Our interpretation of the results was guided by Eknoyan et al. (2012) [35] who suggested that different kinds of CDT errors indicate the location of a damaged brain area. They demonstrated that based on several studies, error 1, graphic difficulties, are the result of a secondary disruption of frontostriatal circuits-necessary for coordinating fine motor control and planning; error 2, a stimulus-bound response are the result of frontostriatal circuits impairment leading to executive-function deficits; error 3, conceptual deficits, are the result of brain injuries in the left inferior frontal-parietal opercular cortices which are associated with time setting errors or are likely due to an impairment in semantic memory which is a primary function of the lateral temporal lobes; error 4, spatial and/or planning deficits, which could be the result of deficits in frontoparietal circuits- and play an important role in coordinating the visuospatial understanding of a clock and the result of frontostriatal circuits which are responsible for aspects of executive function for an accurate clock face; and error 5, preservation, are the result of impairment of executive function in the prefrontal cortex.

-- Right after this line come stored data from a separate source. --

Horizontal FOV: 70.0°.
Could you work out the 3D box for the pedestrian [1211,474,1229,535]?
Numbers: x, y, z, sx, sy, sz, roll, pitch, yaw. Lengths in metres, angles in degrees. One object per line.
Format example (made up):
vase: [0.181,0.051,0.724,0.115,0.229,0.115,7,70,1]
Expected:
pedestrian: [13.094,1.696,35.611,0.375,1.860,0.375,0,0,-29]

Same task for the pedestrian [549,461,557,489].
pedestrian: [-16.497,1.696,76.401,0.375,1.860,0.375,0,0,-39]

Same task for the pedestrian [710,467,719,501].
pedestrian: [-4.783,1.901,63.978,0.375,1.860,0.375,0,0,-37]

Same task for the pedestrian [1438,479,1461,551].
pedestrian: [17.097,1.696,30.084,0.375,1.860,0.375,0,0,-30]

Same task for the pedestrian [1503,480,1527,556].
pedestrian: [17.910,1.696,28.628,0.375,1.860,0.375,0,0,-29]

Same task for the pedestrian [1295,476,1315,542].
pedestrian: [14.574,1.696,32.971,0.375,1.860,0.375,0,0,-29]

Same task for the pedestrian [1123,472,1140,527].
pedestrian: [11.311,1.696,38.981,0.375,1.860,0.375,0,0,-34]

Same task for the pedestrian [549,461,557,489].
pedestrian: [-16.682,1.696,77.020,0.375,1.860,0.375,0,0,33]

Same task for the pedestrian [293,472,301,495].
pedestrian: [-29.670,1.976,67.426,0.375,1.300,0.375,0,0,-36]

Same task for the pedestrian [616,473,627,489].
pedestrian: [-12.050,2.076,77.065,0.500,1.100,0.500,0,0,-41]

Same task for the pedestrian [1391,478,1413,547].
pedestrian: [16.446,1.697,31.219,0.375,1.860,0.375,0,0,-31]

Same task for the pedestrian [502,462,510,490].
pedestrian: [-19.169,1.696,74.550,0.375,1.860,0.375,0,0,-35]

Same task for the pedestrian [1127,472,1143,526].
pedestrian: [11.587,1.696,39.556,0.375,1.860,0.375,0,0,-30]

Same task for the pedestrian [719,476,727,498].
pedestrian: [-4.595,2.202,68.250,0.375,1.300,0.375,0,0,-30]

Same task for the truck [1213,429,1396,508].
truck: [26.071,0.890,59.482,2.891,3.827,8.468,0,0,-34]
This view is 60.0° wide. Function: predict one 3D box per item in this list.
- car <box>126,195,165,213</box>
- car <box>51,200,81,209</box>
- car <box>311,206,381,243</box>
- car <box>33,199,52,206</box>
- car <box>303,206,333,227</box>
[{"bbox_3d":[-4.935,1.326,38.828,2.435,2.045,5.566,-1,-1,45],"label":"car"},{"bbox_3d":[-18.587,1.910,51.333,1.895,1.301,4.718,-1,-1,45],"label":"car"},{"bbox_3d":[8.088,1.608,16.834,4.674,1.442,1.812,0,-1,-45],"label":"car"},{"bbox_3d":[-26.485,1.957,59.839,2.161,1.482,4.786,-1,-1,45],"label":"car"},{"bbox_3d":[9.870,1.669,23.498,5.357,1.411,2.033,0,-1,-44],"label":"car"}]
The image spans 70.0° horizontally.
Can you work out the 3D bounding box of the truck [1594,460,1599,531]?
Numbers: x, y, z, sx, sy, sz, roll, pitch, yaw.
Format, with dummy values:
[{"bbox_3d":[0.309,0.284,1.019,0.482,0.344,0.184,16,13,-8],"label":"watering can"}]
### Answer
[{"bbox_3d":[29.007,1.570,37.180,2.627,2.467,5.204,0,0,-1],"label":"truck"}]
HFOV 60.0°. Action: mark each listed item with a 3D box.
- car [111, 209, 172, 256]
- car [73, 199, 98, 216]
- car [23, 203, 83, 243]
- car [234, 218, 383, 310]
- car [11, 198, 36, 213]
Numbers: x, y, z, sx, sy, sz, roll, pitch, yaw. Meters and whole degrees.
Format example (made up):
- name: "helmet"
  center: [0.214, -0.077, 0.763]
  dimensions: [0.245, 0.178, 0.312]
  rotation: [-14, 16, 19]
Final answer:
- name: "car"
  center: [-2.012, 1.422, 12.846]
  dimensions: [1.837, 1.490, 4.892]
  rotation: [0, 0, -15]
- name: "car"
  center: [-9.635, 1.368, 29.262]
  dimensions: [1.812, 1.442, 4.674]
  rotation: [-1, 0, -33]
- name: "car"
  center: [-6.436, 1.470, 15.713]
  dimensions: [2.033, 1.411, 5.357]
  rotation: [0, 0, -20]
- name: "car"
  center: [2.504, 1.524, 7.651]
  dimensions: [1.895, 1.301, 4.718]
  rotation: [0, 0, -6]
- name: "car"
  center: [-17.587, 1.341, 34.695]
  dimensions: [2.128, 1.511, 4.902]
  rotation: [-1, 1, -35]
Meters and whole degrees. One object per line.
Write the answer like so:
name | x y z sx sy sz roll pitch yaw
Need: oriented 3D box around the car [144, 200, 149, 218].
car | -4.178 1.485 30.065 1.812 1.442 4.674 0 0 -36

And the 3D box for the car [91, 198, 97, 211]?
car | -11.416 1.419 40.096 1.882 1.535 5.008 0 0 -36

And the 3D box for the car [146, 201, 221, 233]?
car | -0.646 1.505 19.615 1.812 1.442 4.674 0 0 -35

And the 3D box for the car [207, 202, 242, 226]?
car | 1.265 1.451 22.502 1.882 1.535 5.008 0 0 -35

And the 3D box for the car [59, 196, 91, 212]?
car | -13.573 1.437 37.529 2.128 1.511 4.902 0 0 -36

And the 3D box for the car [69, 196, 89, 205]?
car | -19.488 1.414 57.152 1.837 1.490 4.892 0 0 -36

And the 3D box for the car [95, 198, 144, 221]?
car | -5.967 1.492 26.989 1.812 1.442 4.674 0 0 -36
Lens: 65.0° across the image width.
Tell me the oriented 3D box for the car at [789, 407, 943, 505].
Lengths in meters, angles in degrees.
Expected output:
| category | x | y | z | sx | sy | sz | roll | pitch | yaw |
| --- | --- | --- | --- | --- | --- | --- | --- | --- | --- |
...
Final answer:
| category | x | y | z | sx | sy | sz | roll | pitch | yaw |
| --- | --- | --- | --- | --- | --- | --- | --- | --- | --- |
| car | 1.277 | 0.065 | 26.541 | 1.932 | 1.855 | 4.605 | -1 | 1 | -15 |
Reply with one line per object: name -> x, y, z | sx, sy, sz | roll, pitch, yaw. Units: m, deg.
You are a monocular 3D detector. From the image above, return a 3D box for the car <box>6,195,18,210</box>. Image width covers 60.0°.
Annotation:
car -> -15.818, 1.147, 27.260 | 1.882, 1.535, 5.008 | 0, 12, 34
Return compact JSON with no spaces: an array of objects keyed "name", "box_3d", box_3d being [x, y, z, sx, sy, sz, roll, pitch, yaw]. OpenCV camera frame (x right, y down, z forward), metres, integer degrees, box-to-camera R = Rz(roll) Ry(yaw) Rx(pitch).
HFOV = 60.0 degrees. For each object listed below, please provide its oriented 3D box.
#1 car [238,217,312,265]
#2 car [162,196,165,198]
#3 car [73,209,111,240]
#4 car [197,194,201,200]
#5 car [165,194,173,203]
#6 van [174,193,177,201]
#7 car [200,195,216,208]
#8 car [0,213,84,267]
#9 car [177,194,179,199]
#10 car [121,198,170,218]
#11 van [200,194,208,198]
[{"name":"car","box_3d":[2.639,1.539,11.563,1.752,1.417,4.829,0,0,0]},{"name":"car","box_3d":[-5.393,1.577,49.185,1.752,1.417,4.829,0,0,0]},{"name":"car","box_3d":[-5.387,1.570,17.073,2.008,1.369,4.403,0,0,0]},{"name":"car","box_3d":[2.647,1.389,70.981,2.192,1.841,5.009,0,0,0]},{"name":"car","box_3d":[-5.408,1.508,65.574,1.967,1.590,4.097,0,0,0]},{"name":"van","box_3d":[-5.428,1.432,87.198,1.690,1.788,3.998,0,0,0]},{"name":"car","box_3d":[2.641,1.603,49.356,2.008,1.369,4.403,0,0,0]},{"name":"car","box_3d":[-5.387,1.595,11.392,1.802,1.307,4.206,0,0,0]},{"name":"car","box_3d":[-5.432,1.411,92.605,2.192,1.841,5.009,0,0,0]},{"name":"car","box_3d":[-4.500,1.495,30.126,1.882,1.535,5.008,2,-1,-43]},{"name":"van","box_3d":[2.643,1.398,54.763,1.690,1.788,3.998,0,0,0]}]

Given the results reported in Eknoyan et al. (2012) [35], we focused our analyses on the frontal, temporal, parietal, and subcortical brain regions.

Statistical analysis

All statistical analyses were performed using R version 3.6.1 (R Core Team, 2019) along with R Studio and the “dplyr” and “rlang” packages for data manipulation. We utilized the “ggplot2” for data visualization. For numerical variables, we used the mean and standard deviation (SD) when they were normally distributed, and the median and range if they were not. We used analysis of variance (ANOVA) to compare differences between category mean scores. The correlation was tested using Pearson’s correlation coefficient.

To find the predictor factor in our dependent variables, we performed a (generalized) linear model regression analysis, and in the case of more than one predictor factor, we used the “MASS” package which chooses the best model based on the Akaike information criterion (AIC). We also used the “stepAIC” function for stepwise regression and the “rsq” package to calculate the R-squared and partial correlation coefficients for generalized linear (mixed) models. To support multi-label classification processing, we used the “utiml” package, which it provides a set of multi-label procedures such as sampling methods, transformation strategies, threshold functions, pre-processing techniques and evaluation metrics. Statistical significance was set at a 2-tailed p-value threshold of < 0.05.


Demographic information of the patients is presented in Table 2.

Table 2 Demographic information of 105 patients with brain lesion

The mean and standard deviation (SD) of the CDT score using the Mendes-Santos et al. (2015) Scoring procedures was 7.52 (2.82).

We then tried to categorize a large number of qualitative and quantitative scoring variables using a hierarchical clustering approach. This resulted in an attractive tree-based dendrogram representation of the observations. In this approach, each score is initially considered as a single-element cluster, and at each step of the algorithm, the two clusters that are the most similar are combined into a new bigger cluster. This procedure is iterated until the dendrogram tree is completely generated. Power dissimilarity is used to calculate the distance between two entities whose attribute has categorical values. The dissimilarity between two clusters is calculated based on minimizing the total within-cluster variance.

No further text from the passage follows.